## What is required
Copy the data that follows exactly as it is, excluding all pictures.

## Provided data
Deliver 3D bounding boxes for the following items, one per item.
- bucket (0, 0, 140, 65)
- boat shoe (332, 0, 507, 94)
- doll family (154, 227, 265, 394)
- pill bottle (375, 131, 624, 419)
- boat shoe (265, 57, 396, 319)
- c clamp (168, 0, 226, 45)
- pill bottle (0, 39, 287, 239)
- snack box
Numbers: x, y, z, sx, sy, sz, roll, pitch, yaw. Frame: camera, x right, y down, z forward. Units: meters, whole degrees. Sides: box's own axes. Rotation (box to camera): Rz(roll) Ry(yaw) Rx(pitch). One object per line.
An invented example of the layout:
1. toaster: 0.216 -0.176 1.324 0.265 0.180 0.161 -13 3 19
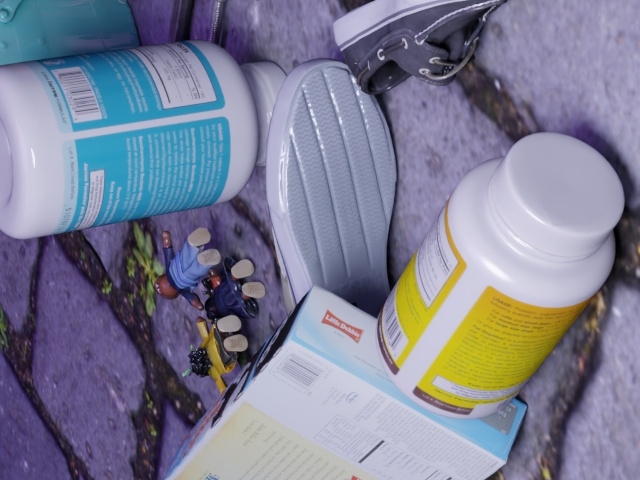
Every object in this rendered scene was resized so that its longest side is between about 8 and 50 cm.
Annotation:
1. bucket: -0.315 -0.174 1.860 0.281 0.183 0.281 29 124 54
2. boat shoe: 0.077 -0.147 1.280 0.228 0.080 0.076 -13 95 62
3. doll family: -0.100 0.075 1.688 0.111 0.076 0.193 133 126 -61
4. pill bottle: 0.124 0.023 1.215 0.117 0.117 0.215 63 148 26
5. boat shoe: 0.000 0.000 1.442 0.094 0.109 0.302 23 123 59
6. c clamp: -0.108 -0.198 1.646 0.137 0.022 0.160 54 142 37
7. pill bottle: -0.154 -0.091 1.516 0.146 0.264 0.146 29 124 55
8. snack box: 0.008 0.167 1.423 0.187 0.060 0.322 30 145 -7
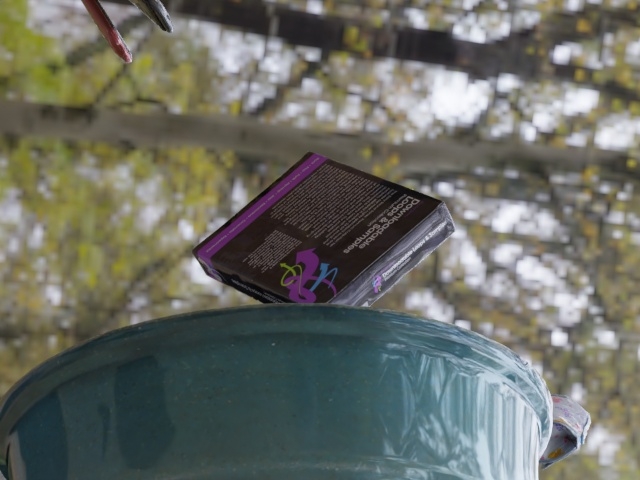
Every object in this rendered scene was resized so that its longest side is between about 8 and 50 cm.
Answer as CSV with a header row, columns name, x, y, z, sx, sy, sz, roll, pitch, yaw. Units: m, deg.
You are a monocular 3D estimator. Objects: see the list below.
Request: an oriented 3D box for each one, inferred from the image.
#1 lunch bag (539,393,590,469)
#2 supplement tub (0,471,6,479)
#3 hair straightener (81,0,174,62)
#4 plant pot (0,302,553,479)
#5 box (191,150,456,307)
name,x,y,z,sx,sy,sz,roll,pitch,yaw
lunch bag,0.191,0.165,1.614,0.071,0.083,0.053,-48,138,-69
supplement tub,-0.385,0.375,1.752,0.207,0.338,0.207,12,-66,27
hair straightener,-0.170,-0.234,1.504,0.230,0.089,0.047,53,-3,46
plant pot,-0.021,0.262,1.043,0.341,0.341,0.334,130,-36,-52
box,0.000,0.000,1.242,0.162,0.116,0.029,23,-32,54
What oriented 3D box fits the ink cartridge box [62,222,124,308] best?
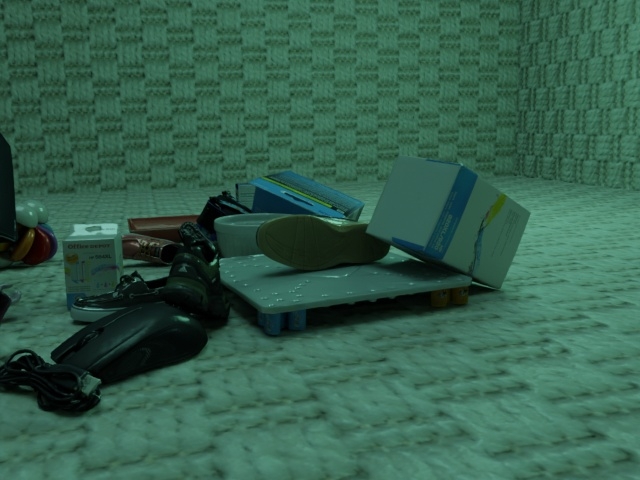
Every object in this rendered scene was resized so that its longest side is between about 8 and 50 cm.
[{"bbox_3d":[-0.411,0.042,1.164,0.092,0.143,0.090,-3,10,-10],"label":"ink cartridge box"}]

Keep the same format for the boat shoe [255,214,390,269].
[{"bbox_3d":[0.000,0.000,1.223,0.286,0.102,0.092,-2,4,-30],"label":"boat shoe"}]

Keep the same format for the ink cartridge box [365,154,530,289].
[{"bbox_3d":[0.245,-0.033,1.218,0.233,0.168,0.171,25,-3,-36],"label":"ink cartridge box"}]

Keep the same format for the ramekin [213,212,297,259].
[{"bbox_3d":[-0.137,0.004,1.455,0.207,0.108,0.207,-1,9,0],"label":"ramekin"}]

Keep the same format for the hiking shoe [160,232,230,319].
[{"bbox_3d":[-0.181,0.059,1.008,0.086,0.114,0.227,11,-12,2],"label":"hiking shoe"}]

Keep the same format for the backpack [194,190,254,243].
[{"bbox_3d":[-0.226,-0.039,1.693,0.173,0.116,0.158,31,13,0],"label":"backpack"}]

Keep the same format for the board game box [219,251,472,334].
[{"bbox_3d":[0.010,0.077,1.198,0.390,0.050,0.390,-6,11,-25],"label":"board game box"}]

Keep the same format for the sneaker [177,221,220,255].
[{"bbox_3d":[-0.275,0.020,1.454,0.051,0.170,0.089,-31,-23,-21],"label":"sneaker"}]

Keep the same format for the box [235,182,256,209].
[{"bbox_3d":[-0.207,-0.119,2.077,0.126,0.137,0.072,-3,10,-13],"label":"box"}]

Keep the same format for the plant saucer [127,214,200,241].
[{"bbox_3d":[-0.428,-0.034,1.877,0.259,0.047,0.259,-4,11,-17],"label":"plant saucer"}]

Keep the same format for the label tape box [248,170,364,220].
[{"bbox_3d":[-0.041,-0.080,1.697,0.249,0.115,0.348,24,16,9],"label":"label tape box"}]

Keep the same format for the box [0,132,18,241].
[{"bbox_3d":[-0.768,-0.091,1.120,0.396,0.211,0.293,-4,-2,-20],"label":"box"}]

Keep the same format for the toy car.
[{"bbox_3d":[-0.695,-0.002,1.521,0.136,0.159,0.182,33,5,-10],"label":"toy car"}]

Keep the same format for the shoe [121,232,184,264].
[{"bbox_3d":[-0.399,0.020,1.479,0.178,0.063,0.081,7,1,-40],"label":"shoe"}]

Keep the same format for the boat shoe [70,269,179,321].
[{"bbox_3d":[-0.307,0.087,1.093,0.229,0.076,0.080,-5,11,-22],"label":"boat shoe"}]

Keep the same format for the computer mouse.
[{"bbox_3d":[-0.263,0.133,0.844,0.189,0.072,0.272,5,12,36],"label":"computer mouse"}]

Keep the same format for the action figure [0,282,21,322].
[{"bbox_3d":[-0.596,0.104,0.918,0.370,0.248,0.275,-8,44,51],"label":"action figure"}]

## Task result
Deliver 3D bounding boxes for the following items, one per item.
- bucket (0, 0, 140, 65)
- boat shoe (332, 0, 507, 94)
- doll family (154, 227, 265, 394)
- pill bottle (375, 131, 624, 419)
- boat shoe (265, 57, 396, 319)
- c clamp (168, 0, 226, 45)
- pill bottle (0, 39, 287, 239)
- snack box
Numbers: x, y, z, sx, sy, sz, roll, pitch, yaw. Frame: camera, x right, y down, z forward. Units: meters, whole degrees. Sides: box's own axes. Rotation (box to camera): Rz(roll) Ry(yaw) Rx(pitch). One object per line.
An invented example of the layout:
1. toaster: 0.216 -0.176 1.324 0.265 0.180 0.161 -13 3 19
Every object in this rendered scene was resized so that its longest side is between about 8 and 50 cm.
Annotation:
1. bucket: -0.315 -0.174 1.860 0.281 0.183 0.281 29 124 54
2. boat shoe: 0.077 -0.147 1.280 0.228 0.080 0.076 -13 95 62
3. doll family: -0.100 0.075 1.688 0.111 0.076 0.193 133 126 -61
4. pill bottle: 0.124 0.023 1.215 0.117 0.117 0.215 63 148 26
5. boat shoe: 0.000 0.000 1.442 0.094 0.109 0.302 23 123 59
6. c clamp: -0.108 -0.198 1.646 0.137 0.022 0.160 54 142 37
7. pill bottle: -0.154 -0.091 1.516 0.146 0.264 0.146 29 124 55
8. snack box: 0.008 0.167 1.423 0.187 0.060 0.322 30 145 -7
Every object in this rendered scene was resized so that its longest side is between about 8 and 50 cm.
Answer as CSV with a header row, columns name, x, y, z, sx, sy, sz, roll, pitch, yaw. Units: m, deg.
You are a monocular 3D estimator. Objects: see the list below.
Request: an oriented 3D box for each one, inferred from the image.
#1 lunch bag (539,393,590,469)
#2 supplement tub (0,471,6,479)
#3 hair straightener (81,0,174,62)
#4 plant pot (0,302,553,479)
#5 box (191,150,456,307)
name,x,y,z,sx,sy,sz,roll,pitch,yaw
lunch bag,0.191,0.165,1.614,0.071,0.083,0.053,-48,138,-69
supplement tub,-0.385,0.375,1.752,0.207,0.338,0.207,12,-66,27
hair straightener,-0.170,-0.234,1.504,0.230,0.089,0.047,53,-3,46
plant pot,-0.021,0.262,1.043,0.341,0.341,0.334,130,-36,-52
box,0.000,0.000,1.242,0.162,0.116,0.029,23,-32,54
What oriented 3D box fits the ink cartridge box [62,222,124,308] best?
Every object in this rendered scene was resized so that its longest side is between about 8 and 50 cm.
[{"bbox_3d":[-0.411,0.042,1.164,0.092,0.143,0.090,-3,10,-10],"label":"ink cartridge box"}]

Keep the same format for the boat shoe [255,214,390,269].
[{"bbox_3d":[0.000,0.000,1.223,0.286,0.102,0.092,-2,4,-30],"label":"boat shoe"}]

Keep the same format for the ink cartridge box [365,154,530,289].
[{"bbox_3d":[0.245,-0.033,1.218,0.233,0.168,0.171,25,-3,-36],"label":"ink cartridge box"}]

Keep the same format for the ramekin [213,212,297,259].
[{"bbox_3d":[-0.137,0.004,1.455,0.207,0.108,0.207,-1,9,0],"label":"ramekin"}]

Keep the same format for the hiking shoe [160,232,230,319].
[{"bbox_3d":[-0.181,0.059,1.008,0.086,0.114,0.227,11,-12,2],"label":"hiking shoe"}]

Keep the same format for the backpack [194,190,254,243].
[{"bbox_3d":[-0.226,-0.039,1.693,0.173,0.116,0.158,31,13,0],"label":"backpack"}]

Keep the same format for the board game box [219,251,472,334].
[{"bbox_3d":[0.010,0.077,1.198,0.390,0.050,0.390,-6,11,-25],"label":"board game box"}]

Keep the same format for the sneaker [177,221,220,255].
[{"bbox_3d":[-0.275,0.020,1.454,0.051,0.170,0.089,-31,-23,-21],"label":"sneaker"}]

Keep the same format for the box [235,182,256,209].
[{"bbox_3d":[-0.207,-0.119,2.077,0.126,0.137,0.072,-3,10,-13],"label":"box"}]

Keep the same format for the plant saucer [127,214,200,241].
[{"bbox_3d":[-0.428,-0.034,1.877,0.259,0.047,0.259,-4,11,-17],"label":"plant saucer"}]

Keep the same format for the label tape box [248,170,364,220].
[{"bbox_3d":[-0.041,-0.080,1.697,0.249,0.115,0.348,24,16,9],"label":"label tape box"}]

Keep the same format for the box [0,132,18,241].
[{"bbox_3d":[-0.768,-0.091,1.120,0.396,0.211,0.293,-4,-2,-20],"label":"box"}]

Keep the same format for the toy car.
[{"bbox_3d":[-0.695,-0.002,1.521,0.136,0.159,0.182,33,5,-10],"label":"toy car"}]

Keep the same format for the shoe [121,232,184,264].
[{"bbox_3d":[-0.399,0.020,1.479,0.178,0.063,0.081,7,1,-40],"label":"shoe"}]

Keep the same format for the boat shoe [70,269,179,321].
[{"bbox_3d":[-0.307,0.087,1.093,0.229,0.076,0.080,-5,11,-22],"label":"boat shoe"}]

Keep the same format for the computer mouse.
[{"bbox_3d":[-0.263,0.133,0.844,0.189,0.072,0.272,5,12,36],"label":"computer mouse"}]

Keep the same format for the action figure [0,282,21,322].
[{"bbox_3d":[-0.596,0.104,0.918,0.370,0.248,0.275,-8,44,51],"label":"action figure"}]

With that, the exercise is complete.